Me: Heya people! I'm back!
Smurfs: ...
Me: What did I do this time?
Sassette: YOU WAITED TOO LONG TO UPDATE AGAIN!
Grouchy: I HATE too long to update!
Gutsy: Dis' is gettin' outta hand, lassie.
Me: HEY, HEY! I had a good reason this time.
Snappy: Oh yeah? And what reason would that be?
Me: I was attacked by a vicious beast.
Brainy: Oh please...
Clumsy: Gosh, are you alright?
Nat: What kind of animal attacked you?
Me: Not an animal, Nat. No, I was attacked be a writer's worst nightmare. The horrible monster known as WRITER'S BLOCK!
Painter: Le gasp!
Poet: Oh, the horror, THE HORROR!
Me: Yes, it took me a month to get over that attack. Thank goodness it only lasted that long, I've heard of cases going on for years! (no joke, this can happen).

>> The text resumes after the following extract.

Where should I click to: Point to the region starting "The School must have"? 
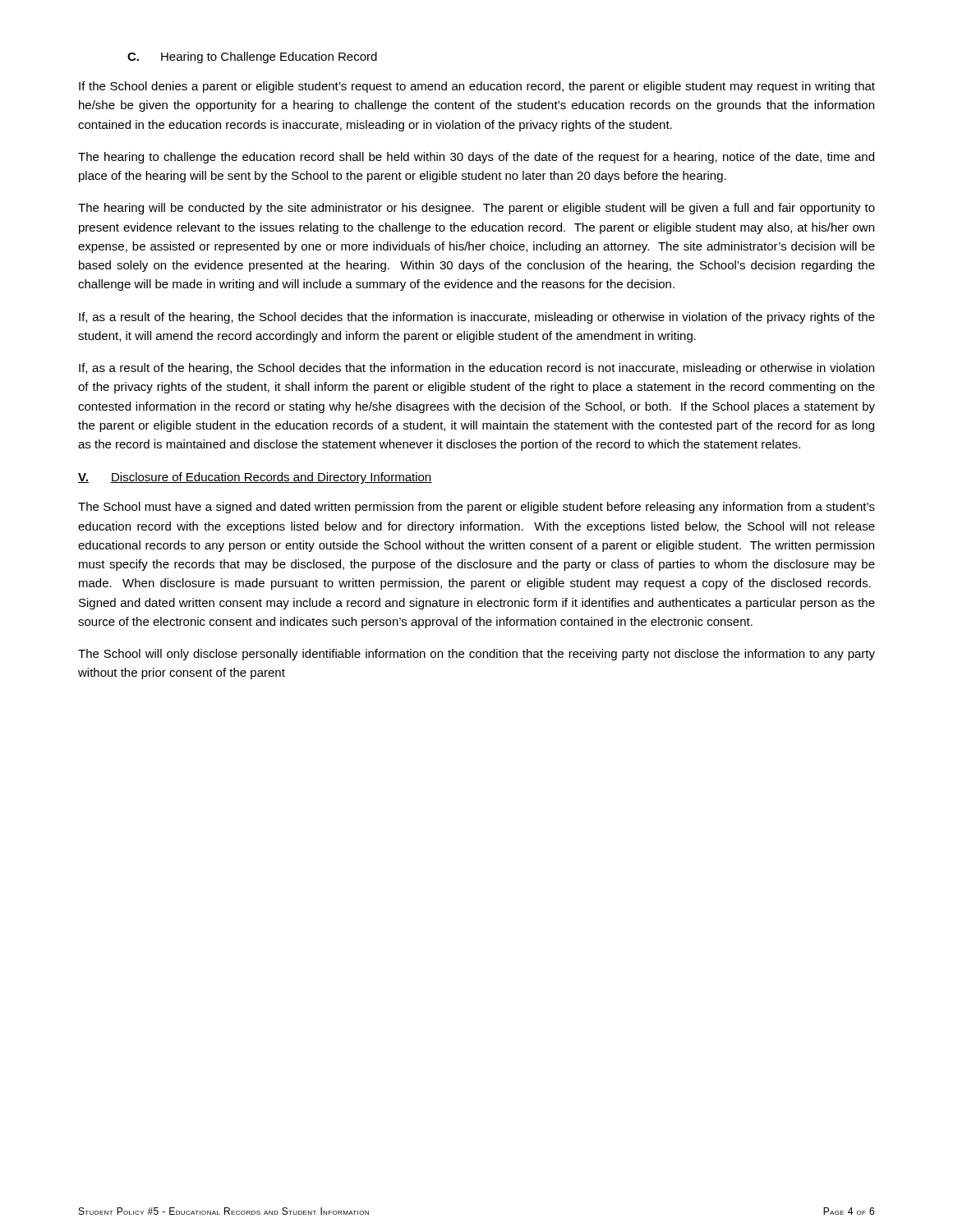pyautogui.click(x=476, y=564)

Sassette: Hoppin' hickory nuts, that's a long time to loose your passion for writing.
Me: Yeah, it was bad. Even when I'd felt like I could write again, I felt no inclination to continue this story.
Clumsy: You mean you were gonna...*Gulp*...drop the story?
Papa: CLUMSY! There are children here! This is already a scary story, they don't need anymore nightmares!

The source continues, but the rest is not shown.